THE ODDS IN MY FAVOR: Reflections of “The Hunger Games” Movies From A Fan


The iconic symbol that will always be remembered. Image courtesy of



About three and a half years ago, I was talked into seeing a movie starring an actress I had never heard of, who was playing some teenage girl living in some futuristic dystopian and totalitarian society.

Actually, I was virtually dragged into the theater as my attitude was, “I’ll catch it on Direct TV Cinema when it appears on there in a few months,” being told that I’d love this young actress because she was my type; round features with curves, not skinny like far too many ingenues in Hollywood.

After seeing this movie, well, let’s put it like this:

I’m still thanking the person who insisted that I go see it.

The young actress?

Jennifer Lawrence, who was everything I was told and who I developed a crush on.

The film?

The Hunger Games.


The Hunger Games: Mockingjay, Part 2 – Official Trailer


Upon leaving the theater that afternoon, I had already determined that movie as having beaten the Harry Potter series in my book, which considering the significant impact that young British wizard and his friends (and enemies) had on pop culture – and culture in general – that certainly was saying something.

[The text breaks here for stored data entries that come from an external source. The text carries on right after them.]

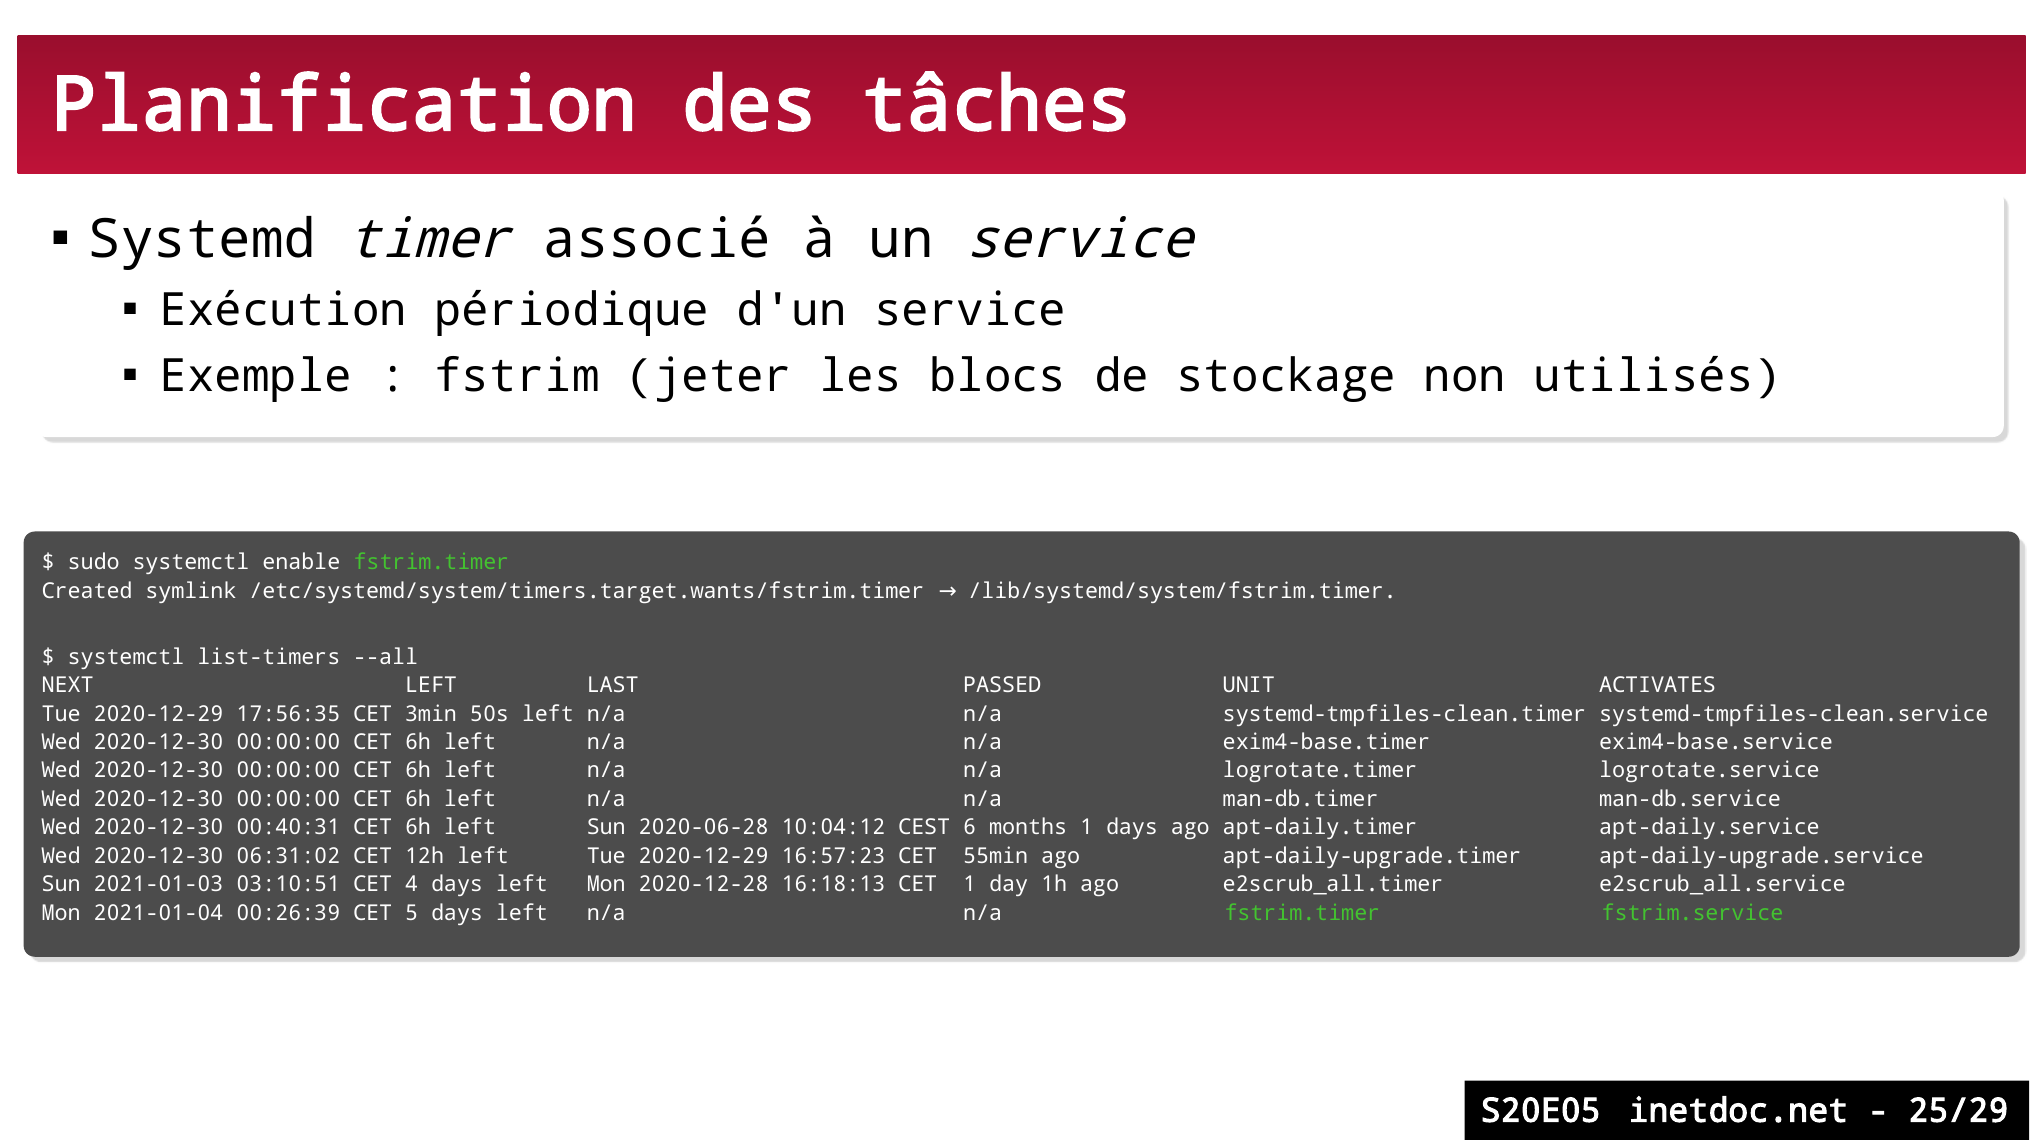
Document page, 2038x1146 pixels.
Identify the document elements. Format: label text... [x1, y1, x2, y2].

text_box $ sudo systemctl enable fstrim.timer Created symlink /etc/systemd/system/timers.target.wants/fstrim.timer → /lib/systemd/system/fstrim.timer. $ systemctl list-timers --all NEXT LEFT LAST PASSED UNIT ACTIVATES Tue 2020-12-29 17:56:35 CET 3min 50s left n/a n/a systemd-tmpfiles-clean.timer systemd-tmpfiles-clean.service Wed 2020-12-30 00:00:00 CET 6h left n/a n/a exim4-base.timer exim4-base.service Wed 2020-12-30 00:00:00 CET 6h left n/a n/a logrotate.timer logrotate.service Wed 2020-12-30 00:00:00 CET 6h left n/a n/a man-db.timer man-db.service Wed 2020-12-30 00:40:31 CET 6h left Sun 2020-06-28 10:04:12 CEST 6 months 1 days ago apt-daily.timer apt-daily.service Wed 2020-12-30 06:31:02 CET 12h left Tue 2020-12-29 16:57:23 CET 55min ago apt-daily-upgrade.timer apt-daily-upgrade.service Sun 2021-01-03 03:10:51 CET 4 days left Mon 2020-12-28 16:18:13 CET 1 day 1h ago e2scrub_all.timer e2scrub_all.service Mon 2021-01-04 00:26:39 CET 5 days left n/a n/a fstrim.timer fstrim.service [23, 531, 2020, 957]
text_box Planification des tâches [17, 35, 2026, 174]
text_box S20E05 inetdoc.net - <numéro>/29 [1464, 1080, 2030, 1140]
text_box Systemd timer associé à un service Exécution périodique d'un service Exemple : fstrim (jeter les blocs de stockage non utilisés) [35, 188, 2004, 438]

That conviction was only reinforced when I subsequently read the books, having bought them a few weeks after seeing the first film, and saw the subsequent Hunger Games sequels over the next three years: Catching Fire – which is my favorite of the three books and four movies – Mockingjay, Part 1 and Mockingjay, Part 2, which I saw on its opening day and in my official review (which I’ll make very short) wrapped up the story of Katniss Everdeen and her fight to help free Panem from the Hitlerian President Snow quite nicely.

It’s not my intention to give a full review of Mockingjay, Part 2 as tons of newspapers and internet sites have already done so.

I’ll just say these two things:

1.   If you read the book, you know full well what happens and how things end with Katniss, her partner-in-the-Games Peeta Mellark (played by Josh Hutcherson), and her District 12 mate Gale Hawthorne (played by Liam Hemsworth). If you hadn’t, I’m not going to be the one to spoil it for you.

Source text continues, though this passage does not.